Nominal Voltage vs. Maximum Power Voltage
One of the things that bewilders people about solar panels is its voltage rating. Why is it that a solar panel is labeled as 12V, but is actually capable of generating 18V?
A 12V solar panel usually has a VMPP of 17-18V. 12V is a nominal voltage and is used only for classification.
For example, a 12V solar panel is designed for use with a 12V inverter, a 12V charge controller and a 12V battery. Even the 12V battery designation is nominal since they charge at 14.4V.
A 24V solar panel does not charge at 24 volts. It charges at up to 36V and the 24V is used to categorize its use with 24V batteries, 24V inverters and 24V charge controllers.
You can however, join two 12V solar panels in a series to turn it into 24V . You can do the same with 12V batteries as well.
60 cell solar panels are classified as 20V and have a VMPP of 31V. These solar panels are used in grid tied systems, whereas 12V and 24V solar panels are usually run with a battery bank. However you can use an MPPT charge controller to adjust the voltage of a 60 cell 20V system so it can work with deep cycle solar batteries.
Solar Panel Size and Amp Output Comparison
This table shows the average amp output of different solar panels. These figures are for general guidelines only. Solar panel power is affected by various factors including weather, environment, and efficiency and so on, so your mileage may vary.

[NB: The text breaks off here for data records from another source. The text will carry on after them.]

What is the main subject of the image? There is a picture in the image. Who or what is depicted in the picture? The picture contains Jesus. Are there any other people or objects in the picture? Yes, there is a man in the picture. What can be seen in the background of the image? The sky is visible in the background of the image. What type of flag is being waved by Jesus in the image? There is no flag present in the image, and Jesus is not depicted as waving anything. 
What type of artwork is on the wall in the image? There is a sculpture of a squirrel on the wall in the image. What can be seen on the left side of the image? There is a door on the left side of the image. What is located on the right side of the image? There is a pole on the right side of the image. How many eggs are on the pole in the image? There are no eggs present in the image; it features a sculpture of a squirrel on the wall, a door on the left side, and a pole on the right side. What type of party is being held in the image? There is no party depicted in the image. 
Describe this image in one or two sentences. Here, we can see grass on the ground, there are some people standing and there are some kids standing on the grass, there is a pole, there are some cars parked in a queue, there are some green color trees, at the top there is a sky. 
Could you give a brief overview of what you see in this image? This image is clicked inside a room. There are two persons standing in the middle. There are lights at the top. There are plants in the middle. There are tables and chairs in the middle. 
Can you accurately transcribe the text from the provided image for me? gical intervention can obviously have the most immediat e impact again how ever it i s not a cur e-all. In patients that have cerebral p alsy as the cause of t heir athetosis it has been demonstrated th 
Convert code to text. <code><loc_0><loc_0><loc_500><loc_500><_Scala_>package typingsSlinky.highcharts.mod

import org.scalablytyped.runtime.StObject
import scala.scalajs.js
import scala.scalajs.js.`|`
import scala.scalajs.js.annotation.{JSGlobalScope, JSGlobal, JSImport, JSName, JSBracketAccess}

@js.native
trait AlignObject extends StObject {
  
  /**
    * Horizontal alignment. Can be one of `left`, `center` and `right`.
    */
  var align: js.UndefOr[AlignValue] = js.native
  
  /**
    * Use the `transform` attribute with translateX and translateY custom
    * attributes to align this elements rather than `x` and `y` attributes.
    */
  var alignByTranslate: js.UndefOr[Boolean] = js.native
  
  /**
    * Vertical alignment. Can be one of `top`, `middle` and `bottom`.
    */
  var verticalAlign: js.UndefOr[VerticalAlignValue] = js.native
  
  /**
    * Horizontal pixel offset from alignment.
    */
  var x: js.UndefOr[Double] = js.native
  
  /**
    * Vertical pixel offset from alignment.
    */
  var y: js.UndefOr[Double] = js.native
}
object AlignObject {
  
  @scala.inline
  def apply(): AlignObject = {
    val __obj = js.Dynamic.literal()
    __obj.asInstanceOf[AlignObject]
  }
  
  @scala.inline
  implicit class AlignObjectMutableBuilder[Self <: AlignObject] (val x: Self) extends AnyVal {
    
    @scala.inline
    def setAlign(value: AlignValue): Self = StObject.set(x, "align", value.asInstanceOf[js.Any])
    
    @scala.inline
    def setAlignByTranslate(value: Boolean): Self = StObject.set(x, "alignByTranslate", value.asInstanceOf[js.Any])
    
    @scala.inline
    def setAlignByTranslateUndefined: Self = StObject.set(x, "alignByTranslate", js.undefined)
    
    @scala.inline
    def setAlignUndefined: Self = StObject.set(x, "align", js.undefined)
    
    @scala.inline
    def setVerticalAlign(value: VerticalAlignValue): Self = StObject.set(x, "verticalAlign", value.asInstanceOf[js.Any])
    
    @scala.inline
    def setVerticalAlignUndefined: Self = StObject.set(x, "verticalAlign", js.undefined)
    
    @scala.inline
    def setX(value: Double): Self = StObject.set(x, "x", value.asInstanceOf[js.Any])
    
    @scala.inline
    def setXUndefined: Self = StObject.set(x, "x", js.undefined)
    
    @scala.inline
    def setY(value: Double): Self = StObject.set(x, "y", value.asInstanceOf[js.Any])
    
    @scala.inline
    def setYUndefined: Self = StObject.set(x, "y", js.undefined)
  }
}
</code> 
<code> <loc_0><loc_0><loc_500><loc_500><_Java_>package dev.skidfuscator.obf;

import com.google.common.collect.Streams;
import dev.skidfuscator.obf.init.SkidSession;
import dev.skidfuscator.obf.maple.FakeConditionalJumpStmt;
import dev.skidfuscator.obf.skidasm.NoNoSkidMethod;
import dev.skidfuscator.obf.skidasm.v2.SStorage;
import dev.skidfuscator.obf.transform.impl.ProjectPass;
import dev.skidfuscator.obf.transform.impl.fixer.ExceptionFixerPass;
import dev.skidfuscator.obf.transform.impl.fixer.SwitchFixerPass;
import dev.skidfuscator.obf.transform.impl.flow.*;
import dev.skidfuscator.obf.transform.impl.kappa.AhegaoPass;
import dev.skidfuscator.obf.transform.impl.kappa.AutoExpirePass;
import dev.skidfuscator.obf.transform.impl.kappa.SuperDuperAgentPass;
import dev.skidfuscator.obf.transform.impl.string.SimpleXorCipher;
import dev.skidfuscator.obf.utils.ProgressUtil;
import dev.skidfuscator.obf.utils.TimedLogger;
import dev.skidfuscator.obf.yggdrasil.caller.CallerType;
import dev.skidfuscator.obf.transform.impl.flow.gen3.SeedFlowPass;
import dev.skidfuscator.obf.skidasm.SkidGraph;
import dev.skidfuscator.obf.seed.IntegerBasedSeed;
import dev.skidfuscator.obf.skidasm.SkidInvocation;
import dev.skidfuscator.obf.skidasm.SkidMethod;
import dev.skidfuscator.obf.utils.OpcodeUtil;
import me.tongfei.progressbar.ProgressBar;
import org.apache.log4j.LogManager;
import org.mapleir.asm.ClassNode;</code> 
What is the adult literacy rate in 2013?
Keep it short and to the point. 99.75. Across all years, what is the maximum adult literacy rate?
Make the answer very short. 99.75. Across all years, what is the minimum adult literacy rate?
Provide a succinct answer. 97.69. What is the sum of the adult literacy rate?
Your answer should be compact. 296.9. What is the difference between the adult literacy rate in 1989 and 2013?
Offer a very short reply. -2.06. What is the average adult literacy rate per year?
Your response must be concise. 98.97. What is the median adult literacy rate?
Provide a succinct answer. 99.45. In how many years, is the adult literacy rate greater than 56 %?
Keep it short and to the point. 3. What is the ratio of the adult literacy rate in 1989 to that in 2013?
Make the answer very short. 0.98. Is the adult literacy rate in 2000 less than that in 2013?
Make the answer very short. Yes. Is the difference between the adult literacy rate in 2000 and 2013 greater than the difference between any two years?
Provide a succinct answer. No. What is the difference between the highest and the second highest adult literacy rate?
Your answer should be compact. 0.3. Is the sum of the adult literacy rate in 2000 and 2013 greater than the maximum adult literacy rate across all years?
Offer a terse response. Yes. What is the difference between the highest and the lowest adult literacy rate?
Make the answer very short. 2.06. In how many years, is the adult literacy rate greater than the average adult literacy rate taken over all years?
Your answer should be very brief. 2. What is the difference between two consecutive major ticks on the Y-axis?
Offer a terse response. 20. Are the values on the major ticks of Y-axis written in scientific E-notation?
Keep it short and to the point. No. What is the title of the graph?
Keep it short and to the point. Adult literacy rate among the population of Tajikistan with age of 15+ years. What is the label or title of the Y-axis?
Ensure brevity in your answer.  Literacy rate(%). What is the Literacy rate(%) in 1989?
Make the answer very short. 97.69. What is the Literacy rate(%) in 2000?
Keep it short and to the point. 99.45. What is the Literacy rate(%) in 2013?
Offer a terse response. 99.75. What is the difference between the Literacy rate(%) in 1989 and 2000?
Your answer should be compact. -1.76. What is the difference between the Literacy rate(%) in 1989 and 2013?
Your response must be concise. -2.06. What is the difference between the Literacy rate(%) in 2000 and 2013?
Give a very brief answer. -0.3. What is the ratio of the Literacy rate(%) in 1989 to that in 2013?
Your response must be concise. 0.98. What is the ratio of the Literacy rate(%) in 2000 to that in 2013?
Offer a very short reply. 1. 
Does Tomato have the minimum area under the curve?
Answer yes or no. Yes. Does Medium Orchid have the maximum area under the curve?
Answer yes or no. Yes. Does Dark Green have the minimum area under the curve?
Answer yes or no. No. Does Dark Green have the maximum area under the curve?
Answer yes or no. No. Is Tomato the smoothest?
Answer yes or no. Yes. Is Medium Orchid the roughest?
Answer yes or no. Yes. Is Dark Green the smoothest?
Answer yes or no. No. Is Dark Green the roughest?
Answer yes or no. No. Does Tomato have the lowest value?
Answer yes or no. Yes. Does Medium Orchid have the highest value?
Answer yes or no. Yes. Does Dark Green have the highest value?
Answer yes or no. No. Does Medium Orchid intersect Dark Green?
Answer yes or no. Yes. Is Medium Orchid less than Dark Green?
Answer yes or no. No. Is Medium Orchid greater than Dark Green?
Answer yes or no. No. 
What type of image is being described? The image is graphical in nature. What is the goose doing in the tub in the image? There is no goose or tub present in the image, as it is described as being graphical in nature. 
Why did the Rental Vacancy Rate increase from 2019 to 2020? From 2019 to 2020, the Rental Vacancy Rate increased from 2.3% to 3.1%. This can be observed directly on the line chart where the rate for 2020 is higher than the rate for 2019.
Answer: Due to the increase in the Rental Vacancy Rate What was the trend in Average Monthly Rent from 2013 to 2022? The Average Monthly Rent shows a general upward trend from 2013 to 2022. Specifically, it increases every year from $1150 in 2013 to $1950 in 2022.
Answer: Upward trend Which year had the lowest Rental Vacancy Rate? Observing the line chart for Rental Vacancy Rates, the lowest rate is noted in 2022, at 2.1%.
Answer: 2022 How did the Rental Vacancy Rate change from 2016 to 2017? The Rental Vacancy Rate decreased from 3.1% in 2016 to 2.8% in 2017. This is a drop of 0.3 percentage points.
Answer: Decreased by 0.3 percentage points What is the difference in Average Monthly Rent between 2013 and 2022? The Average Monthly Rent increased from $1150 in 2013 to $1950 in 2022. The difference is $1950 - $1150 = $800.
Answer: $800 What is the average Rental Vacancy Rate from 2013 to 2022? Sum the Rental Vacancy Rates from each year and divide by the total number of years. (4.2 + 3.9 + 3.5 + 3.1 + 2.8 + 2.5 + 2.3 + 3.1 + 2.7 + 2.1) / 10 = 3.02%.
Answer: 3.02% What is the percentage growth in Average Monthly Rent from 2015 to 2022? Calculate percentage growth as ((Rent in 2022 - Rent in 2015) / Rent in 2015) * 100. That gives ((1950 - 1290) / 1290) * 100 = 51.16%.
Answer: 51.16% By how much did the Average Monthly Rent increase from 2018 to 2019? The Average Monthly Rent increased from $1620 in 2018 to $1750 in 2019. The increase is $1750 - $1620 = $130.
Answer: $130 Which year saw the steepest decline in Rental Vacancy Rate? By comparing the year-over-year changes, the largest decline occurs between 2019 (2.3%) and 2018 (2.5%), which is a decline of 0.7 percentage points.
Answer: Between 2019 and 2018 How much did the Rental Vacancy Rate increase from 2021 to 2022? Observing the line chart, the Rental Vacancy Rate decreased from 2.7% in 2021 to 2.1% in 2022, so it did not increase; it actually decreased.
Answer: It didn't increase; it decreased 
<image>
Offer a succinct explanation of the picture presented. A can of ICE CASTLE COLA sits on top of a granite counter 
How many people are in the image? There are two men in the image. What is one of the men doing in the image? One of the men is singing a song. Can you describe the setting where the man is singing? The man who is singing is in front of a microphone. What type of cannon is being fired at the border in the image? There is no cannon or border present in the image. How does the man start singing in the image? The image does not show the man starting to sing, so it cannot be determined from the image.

|Solar Panel Size||Nominal Voltage||Maximum Power Voltage||Amps|
|200W (2 x 100W parallel connection)||12V||18V||11.1|
|300W (3 x 100W parallel connection)||12V||18V||16.6|
|400W (2 x 200W parallel connection)||12V||18V||22.2|
You can see the difference between 12V and 24V solar panel amp outputs here. Most solar panels for home and RVs are 12V while 24V panels are often used in commercial and industrial locations and buildings.
12V solar panels are available in 100W, 150W and 180W. Smaller solar panels from 10W-50W are 12V as well.
24V solar panels are sold in 300W, 330W and 350W.
You can of course use two or more solar panels to increase power. You can connect 2 x 100W 12V solar panels in parallel and get 200W.
With a parallel connection the amp output is combined but the voltage remains the same. Two 100W solar panels in a parallel configuration will remain at 18 VMPP.
With a series connection it is the opposite, the voltages are combined but the amps are not. If you configure 2 x 100W 12V solar panels in a series, third voltage is added up and turns into 24V. Its VMPP Is combined and becomes 36V.
So if you have 2 x 100W 12V solar panels with an 18V VMPP connected in parallel, the amp output is up to 11.1 amps.
If you have a 24V 330W solar panel its amp output is around 9.16 amps. Just like with their 12V counterparts, these are estimates based on ideal conditions. Due to changing weather, clouds, etc. the voltage will not always be at the maximum level.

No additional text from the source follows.